Although the operations of the methods herein are shown and described in a particular order, the order of the operations of each method may be altered so that certain operations may be performed in an inverse order or so that certain operation may be performed, at least in part, concurrently with other operations. In another embodiment, instructions or sub-operations of distinct operations may be in an intermittent and/or alternating manner.

Claims

1. A system comprising

a storage array comprising one or more storage devices; and

a storage controller coupled to the storage array, the storage controller comprising a processing device, the processing device to: receive a first request from a first client device to write a first encrypted data to a logical volume resident on a storage array, wherein the first encrypted data comprises a first data encrypted by a first encryption key, wherein the first encryption key is associated with at least one of the logical volume, a logical volume range on the storage array, or a client identifier associated with the first data; determine a first decryption key to decrypt the encrypted data, wherein the first decryption key is associated with the at least one of the logical volume, the logical volume range on the storage array, the client identifier associated with the first data, or the first encryption key; decrypt the encrypted data using the first decryption key to generate a first decrypted data; perform at least one of a data deduplication operation or a data compression operation on the first decrypted data to generate a first reduced data; encrypt the first reduced data using a second encryption key to generate a second encrypted data, wherein the second encryption key is associated with at least one property of the storage array; and store the second encrypted data on the storage array.

2. The system of claim 1, wherein to determine the first decryption key, the processing device is to:

determine a security identifier associated with the at least one of the logical volume, the logical volume range on the storage array, or the client identifier associated with the first data; and

access a mapping table that stores a mapping between the security identifier and the first decryption key.

3. The system of claim 1, wherein to determine the first decryption key, the processing device is to:

determine a security identifier associated with the at least one of the first logical volume, the logical volume range on the storage array, or the client identifier associated with the first data;

send a second request to a key management service for the first decryption key, the second request comprising the security identifier; and

receive a response with the first decryption key.

4. The system of claim 1, wherein to determine the first decryption key, the processing device is to:

detect a physical device on an input port associated with the storage array; and

receive the first decryption key from the physical device.
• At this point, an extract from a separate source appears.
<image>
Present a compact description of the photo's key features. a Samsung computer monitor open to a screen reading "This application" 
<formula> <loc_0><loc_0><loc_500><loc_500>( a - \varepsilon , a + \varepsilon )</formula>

5. The system of claim 1, wherein the processing device is further to:

receive a second request from a second client device to read the second encrypted data from the logical volume on the storage array;

decrypt the second encrypted data using a second decryption key to generate a second decrypted data, wherein the second decryption key is associated with the second encryption key;

perform at least one of a data reconstitution operation or a data decompression operation on the second decrypted data;

encrypt the second decrypted data using the first encryption key to generate a third encrypted data; and

provide the third encrypted data to the second client device.

6. A method comprising:

receiving a first request to write a first encrypted data to a volume resident on a storage array, wherein the first encrypted data comprises a first data encrypted by a first encryption key that is associated with at least one property of the first data;

determining a first decryption key to decrypt the encrypted data, wherein the first decryption key is associated with the at least one property of the first data;

decrypting the encrypted data using the first decryption key to generate a first decrypted data;

performing at least one data reduction operation on the first decrypted data to generate a first reduced data;

encrypting the first reduced data using a second encryption key to generate a second encrypted data; and

storing the second encrypted data on the storage array.

7. The method of claim 6, wherein the at least one property of the first data comprises at least one of the volume resident on the storage array, a logical volume rage resident on the storage array, a group of blocks associated with the volume resident on the storage array, a client identifier, or a client application identifier.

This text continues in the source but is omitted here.